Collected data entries
··········

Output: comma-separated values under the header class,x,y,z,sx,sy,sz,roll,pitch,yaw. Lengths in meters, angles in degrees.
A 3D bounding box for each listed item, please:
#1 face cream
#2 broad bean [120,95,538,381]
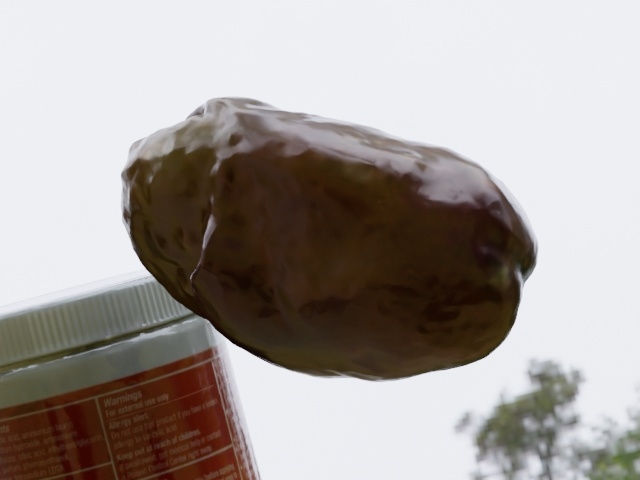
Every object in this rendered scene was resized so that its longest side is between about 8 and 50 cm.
class,x,y,z,sx,sy,sz,roll,pitch,yaw
face cream,-0.152,0.126,1.166,0.201,0.187,0.201,-14,2,1
broad bean,-0.001,0.001,0.915,0.228,0.122,0.156,12,-29,11
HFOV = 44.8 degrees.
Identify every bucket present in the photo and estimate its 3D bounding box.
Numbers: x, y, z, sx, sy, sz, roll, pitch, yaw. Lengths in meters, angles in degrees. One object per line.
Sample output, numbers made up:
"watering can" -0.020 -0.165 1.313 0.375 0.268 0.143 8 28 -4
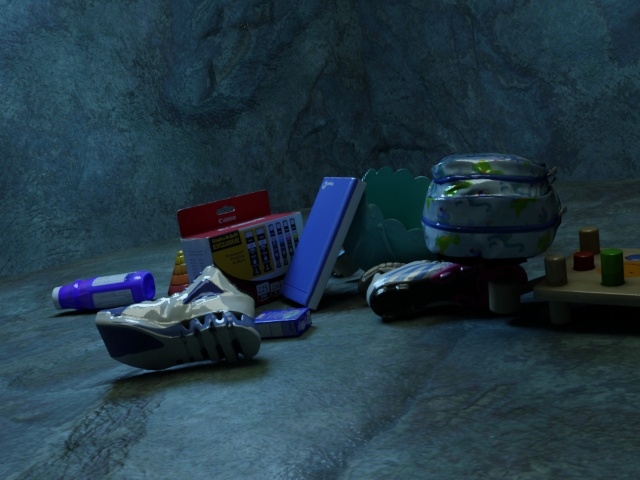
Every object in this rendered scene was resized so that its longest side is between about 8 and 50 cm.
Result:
"bucket" 0.195 -0.034 1.924 0.281 0.183 0.281 16 35 -12

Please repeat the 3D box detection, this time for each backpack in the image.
"backpack" 0.318 -0.061 1.480 0.290 0.273 0.355 7 26 17

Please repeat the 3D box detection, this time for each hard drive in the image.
"hard drive" 0.000 0.000 1.887 0.040 0.319 0.210 23 -3 -20

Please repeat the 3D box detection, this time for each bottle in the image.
"bottle" -0.622 0.149 2.223 0.283 0.092 0.118 -8 8 7

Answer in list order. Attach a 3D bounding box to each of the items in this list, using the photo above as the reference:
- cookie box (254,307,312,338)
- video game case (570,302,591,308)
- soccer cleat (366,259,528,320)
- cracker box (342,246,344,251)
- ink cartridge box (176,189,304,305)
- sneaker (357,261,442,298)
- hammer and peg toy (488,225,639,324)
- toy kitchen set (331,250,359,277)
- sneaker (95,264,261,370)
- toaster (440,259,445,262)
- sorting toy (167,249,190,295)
"cookie box" -0.084 0.175 1.643 0.107 0.040 0.092 -6 9 19
"video game case" 0.565 0.095 1.566 0.190 0.022 0.173 -10 9 -1
"soccer cleat" 0.258 0.079 1.622 0.331 0.116 0.143 -9 23 9
"cracker box" 0.157 0.011 2.421 0.155 0.067 0.232 -7 8 8
"ink cartridge box" -0.189 0.023 1.983 0.309 0.272 0.130 -19 12 -42
"sneaker" 0.206 0.095 1.744 0.228 0.086 0.132 -10 11 -14
"hammer and peg toy" 0.501 0.056 1.413 0.361 0.127 0.266 1 17 38
"toy kitchen set" 0.089 -0.012 2.134 0.207 0.122 0.166 -42 12 -13
"sneaker" -0.262 0.147 1.529 0.315 0.127 0.182 -2 38 6
"toaster" 0.437 -0.010 2.118 0.168 0.110 0.185 -4 10 37
"sorting toy" -0.306 0.086 2.212 0.365 0.126 0.127 -3 10 40
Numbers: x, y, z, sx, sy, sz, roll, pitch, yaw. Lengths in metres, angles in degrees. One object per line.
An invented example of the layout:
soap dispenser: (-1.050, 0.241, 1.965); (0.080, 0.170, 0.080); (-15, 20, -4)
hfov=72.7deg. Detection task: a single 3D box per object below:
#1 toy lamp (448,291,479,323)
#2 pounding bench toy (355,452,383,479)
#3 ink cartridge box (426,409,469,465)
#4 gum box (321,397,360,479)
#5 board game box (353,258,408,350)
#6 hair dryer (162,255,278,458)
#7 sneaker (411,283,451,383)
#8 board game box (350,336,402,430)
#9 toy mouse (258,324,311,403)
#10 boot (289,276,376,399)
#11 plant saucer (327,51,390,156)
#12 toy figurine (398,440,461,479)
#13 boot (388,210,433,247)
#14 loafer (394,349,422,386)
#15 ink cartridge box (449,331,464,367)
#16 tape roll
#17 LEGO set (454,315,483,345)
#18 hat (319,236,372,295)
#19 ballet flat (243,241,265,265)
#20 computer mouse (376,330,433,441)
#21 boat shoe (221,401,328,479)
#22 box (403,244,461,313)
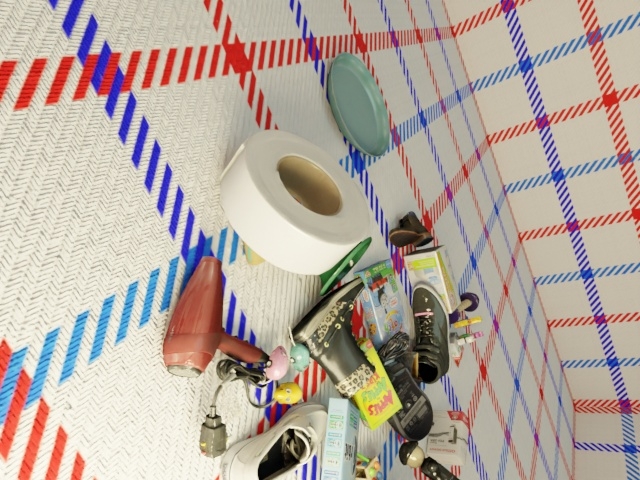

··········

WORK TO BE COMPLETED =
Lines with "photo": find them in the data and copy each one.

RESPONSE AREA =
Identify every bucket present in the photo and estimate its 3D bounding box.
Answer in list order. Attach a 3D bounding box to each of the items in this list, using the photo above as the reference:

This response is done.